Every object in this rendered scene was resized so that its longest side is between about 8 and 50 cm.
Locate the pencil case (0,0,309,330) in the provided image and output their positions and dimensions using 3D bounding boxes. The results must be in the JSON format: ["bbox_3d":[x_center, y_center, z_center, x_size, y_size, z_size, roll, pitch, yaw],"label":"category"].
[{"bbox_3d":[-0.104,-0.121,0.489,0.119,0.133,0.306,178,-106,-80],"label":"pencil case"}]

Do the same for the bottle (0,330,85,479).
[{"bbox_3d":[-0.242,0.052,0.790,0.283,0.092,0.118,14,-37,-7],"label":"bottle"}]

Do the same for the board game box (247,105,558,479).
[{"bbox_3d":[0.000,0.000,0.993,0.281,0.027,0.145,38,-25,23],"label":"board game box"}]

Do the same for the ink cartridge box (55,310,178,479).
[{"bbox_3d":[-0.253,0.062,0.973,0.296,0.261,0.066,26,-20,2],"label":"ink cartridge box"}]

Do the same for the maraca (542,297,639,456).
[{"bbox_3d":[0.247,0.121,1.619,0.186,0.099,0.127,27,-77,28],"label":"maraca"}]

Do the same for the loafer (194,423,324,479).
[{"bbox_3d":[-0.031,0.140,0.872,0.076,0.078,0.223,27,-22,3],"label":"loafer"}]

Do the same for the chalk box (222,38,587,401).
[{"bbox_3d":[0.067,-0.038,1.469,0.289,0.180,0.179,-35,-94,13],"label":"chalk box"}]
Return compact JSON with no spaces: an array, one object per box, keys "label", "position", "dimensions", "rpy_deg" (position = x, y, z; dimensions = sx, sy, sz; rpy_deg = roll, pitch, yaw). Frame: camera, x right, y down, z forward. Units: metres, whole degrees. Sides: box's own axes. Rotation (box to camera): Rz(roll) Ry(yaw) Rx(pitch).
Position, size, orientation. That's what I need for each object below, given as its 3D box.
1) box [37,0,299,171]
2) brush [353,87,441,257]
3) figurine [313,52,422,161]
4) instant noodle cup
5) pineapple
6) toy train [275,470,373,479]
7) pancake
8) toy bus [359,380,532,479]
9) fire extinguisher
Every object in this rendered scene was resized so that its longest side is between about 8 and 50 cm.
---
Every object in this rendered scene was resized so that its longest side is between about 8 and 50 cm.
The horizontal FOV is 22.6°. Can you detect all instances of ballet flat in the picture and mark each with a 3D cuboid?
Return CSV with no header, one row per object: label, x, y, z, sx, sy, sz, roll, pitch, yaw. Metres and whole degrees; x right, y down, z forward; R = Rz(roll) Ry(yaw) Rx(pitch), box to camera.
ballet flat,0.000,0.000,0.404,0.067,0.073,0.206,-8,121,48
--
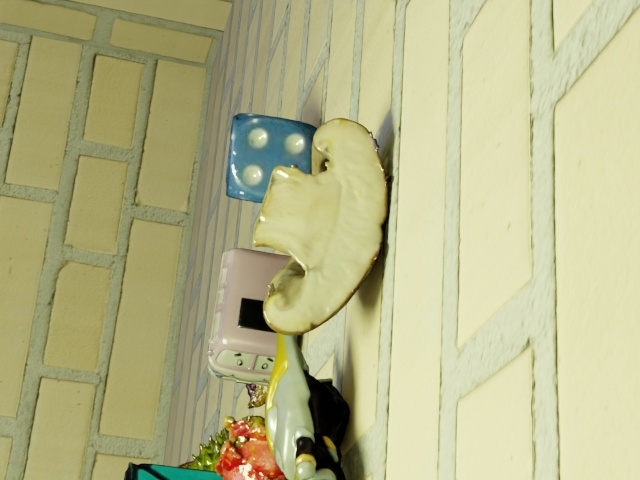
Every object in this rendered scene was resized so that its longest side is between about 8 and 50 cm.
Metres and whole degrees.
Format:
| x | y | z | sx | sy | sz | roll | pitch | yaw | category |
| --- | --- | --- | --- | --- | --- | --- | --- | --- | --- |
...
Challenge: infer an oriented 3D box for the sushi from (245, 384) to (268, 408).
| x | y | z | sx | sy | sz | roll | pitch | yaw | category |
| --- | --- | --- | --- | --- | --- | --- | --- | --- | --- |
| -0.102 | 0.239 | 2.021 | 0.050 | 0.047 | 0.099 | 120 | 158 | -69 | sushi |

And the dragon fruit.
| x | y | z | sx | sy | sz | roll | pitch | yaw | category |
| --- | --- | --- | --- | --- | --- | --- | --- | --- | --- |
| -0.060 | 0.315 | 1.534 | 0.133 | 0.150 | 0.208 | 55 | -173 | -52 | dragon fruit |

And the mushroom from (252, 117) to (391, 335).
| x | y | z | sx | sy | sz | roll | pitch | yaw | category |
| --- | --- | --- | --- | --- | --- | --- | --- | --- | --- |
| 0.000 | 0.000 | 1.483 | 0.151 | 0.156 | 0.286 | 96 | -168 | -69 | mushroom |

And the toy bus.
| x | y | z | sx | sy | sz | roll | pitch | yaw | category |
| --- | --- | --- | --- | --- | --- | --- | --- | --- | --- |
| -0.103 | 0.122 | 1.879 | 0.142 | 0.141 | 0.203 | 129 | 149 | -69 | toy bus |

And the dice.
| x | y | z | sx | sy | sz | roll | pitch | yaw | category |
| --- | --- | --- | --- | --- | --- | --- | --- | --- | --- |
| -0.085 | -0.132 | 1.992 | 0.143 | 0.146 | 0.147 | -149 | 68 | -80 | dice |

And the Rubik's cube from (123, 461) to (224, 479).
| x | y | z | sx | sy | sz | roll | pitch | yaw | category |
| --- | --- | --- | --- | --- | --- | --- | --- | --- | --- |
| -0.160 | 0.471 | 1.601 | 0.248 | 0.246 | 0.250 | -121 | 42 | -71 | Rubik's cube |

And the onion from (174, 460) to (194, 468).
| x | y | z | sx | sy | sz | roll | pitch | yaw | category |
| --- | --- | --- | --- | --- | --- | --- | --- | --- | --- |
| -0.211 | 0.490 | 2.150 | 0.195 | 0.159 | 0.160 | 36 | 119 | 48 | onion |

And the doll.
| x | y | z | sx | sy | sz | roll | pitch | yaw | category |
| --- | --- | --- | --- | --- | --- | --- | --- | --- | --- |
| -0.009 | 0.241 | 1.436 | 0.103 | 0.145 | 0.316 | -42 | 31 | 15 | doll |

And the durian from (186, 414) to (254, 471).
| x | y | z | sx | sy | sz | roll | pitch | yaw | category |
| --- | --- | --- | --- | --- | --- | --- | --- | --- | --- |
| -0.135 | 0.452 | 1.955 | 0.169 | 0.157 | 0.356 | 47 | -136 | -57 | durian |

■ **Work order**:
All lines from the listing above that include "each" should be shown.

■ **Answer to this task**:
Position, size, orientation. That's what I need for each object below, given as its 3D box.
The horizontal FOV is 22.6°. Can you detect all instances of ballet flat in the picture and mark each with a 3D cuboid?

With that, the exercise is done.